Posted by randomways
North Carolina
Member since Aug 2013
12988 posts
Posted on 1/5/17 at 5:26 pm to
History has shown that you don't need a great QB to run most forms of the spread. You need a good athlete that pays attention during video and whiteboard sessions and is willing to run plays as called. Spread plays call for decision-making according to plan. Innovators rarely make great spread QBs, imho. (There are exceptions, obviously.
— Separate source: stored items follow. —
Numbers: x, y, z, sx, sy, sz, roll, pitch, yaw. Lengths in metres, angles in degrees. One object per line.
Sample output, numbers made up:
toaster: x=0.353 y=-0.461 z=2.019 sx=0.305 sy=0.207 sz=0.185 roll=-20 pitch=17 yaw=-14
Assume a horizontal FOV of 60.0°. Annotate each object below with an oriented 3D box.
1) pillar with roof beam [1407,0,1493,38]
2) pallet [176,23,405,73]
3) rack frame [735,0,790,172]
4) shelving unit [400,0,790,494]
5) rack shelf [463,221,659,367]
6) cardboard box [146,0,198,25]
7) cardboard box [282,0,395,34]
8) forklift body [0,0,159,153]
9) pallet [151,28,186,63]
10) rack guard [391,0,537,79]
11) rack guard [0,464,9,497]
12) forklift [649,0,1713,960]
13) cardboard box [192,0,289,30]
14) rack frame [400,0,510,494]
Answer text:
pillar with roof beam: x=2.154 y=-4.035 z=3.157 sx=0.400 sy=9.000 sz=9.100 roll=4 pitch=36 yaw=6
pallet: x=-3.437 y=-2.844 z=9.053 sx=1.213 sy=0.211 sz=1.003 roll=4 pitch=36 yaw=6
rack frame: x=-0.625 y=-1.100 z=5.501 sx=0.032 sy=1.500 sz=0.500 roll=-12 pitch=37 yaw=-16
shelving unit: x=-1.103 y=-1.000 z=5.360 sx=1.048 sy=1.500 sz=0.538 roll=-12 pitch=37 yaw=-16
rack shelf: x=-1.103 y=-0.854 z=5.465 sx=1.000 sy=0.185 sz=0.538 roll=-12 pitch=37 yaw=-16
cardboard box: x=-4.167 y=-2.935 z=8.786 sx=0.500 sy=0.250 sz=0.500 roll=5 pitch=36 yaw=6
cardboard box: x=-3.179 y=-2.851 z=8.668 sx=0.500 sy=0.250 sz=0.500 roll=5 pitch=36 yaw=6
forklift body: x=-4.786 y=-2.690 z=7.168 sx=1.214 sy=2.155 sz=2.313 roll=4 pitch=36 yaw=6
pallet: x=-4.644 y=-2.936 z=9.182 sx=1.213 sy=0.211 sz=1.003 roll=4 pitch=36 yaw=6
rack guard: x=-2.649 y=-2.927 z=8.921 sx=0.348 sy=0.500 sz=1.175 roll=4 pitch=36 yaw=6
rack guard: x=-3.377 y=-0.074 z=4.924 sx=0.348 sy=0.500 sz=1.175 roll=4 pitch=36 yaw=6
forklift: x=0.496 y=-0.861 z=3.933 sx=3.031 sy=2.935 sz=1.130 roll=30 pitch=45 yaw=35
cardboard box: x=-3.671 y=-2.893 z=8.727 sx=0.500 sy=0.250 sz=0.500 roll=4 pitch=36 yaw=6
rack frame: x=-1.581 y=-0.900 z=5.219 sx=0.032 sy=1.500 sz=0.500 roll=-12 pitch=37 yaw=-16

The SEC alone has had a few of those over the last decade.) If you have a great QB in addition, well, the spread is no better or worse than pro style because a great QB elevates any scheme.
Posted by Sunbeam
Member since Dec 2016
2612 posts
Posted on 1/5/17 at 5:29 pm to
CFB was fun when we had lots of schematic diversity.

I don't think that is going to happen unless they tinker with the rules.

Personally I'd like to see an experiment with something like:

1) Allowing bump and run coverage and less ticky tack defensive holding calls, and

2) Allowing offensive linemen greatly enhanced use of the hands.

Right now the pro set you were talking about is dead in the water as far as running the ball goes, unless the offensive line has better players than the defensive line does.

The spread offenses you mentioned can get running yards even if the offensive line is outmatched by the defense.

One thing that bugs me though, is that spread offenses DO not have to be HUNH. Nevada was a dedicated ball control team, but also ran a spread.

But while tempo does work, it seems like everyone wants to imitate Malzahn's tempo.
Posted by wm72
Brooklyn
Member since Mar 2010
7798 posts
Posted on 1/5/17 at 6:42 pm to
Many good points in this thread .

Some of the struggles of spread teams recently may be due to defensive coaches simply having had more time to work on defensing it.

You do see most defenses doing many things differently now (like blowing up the mesh point as quickly as possible, for example). Most are better with substitution patterns and it seems everyone is recruiting faster edge defenders etc . . .


Perhaps some of the "bad QB play" is simply that defenses have learned to make it tougher for spread coaches to scheme around QBs with weaker/inaccurate arms than it had been when the HUNH spreads seemed unstoppable?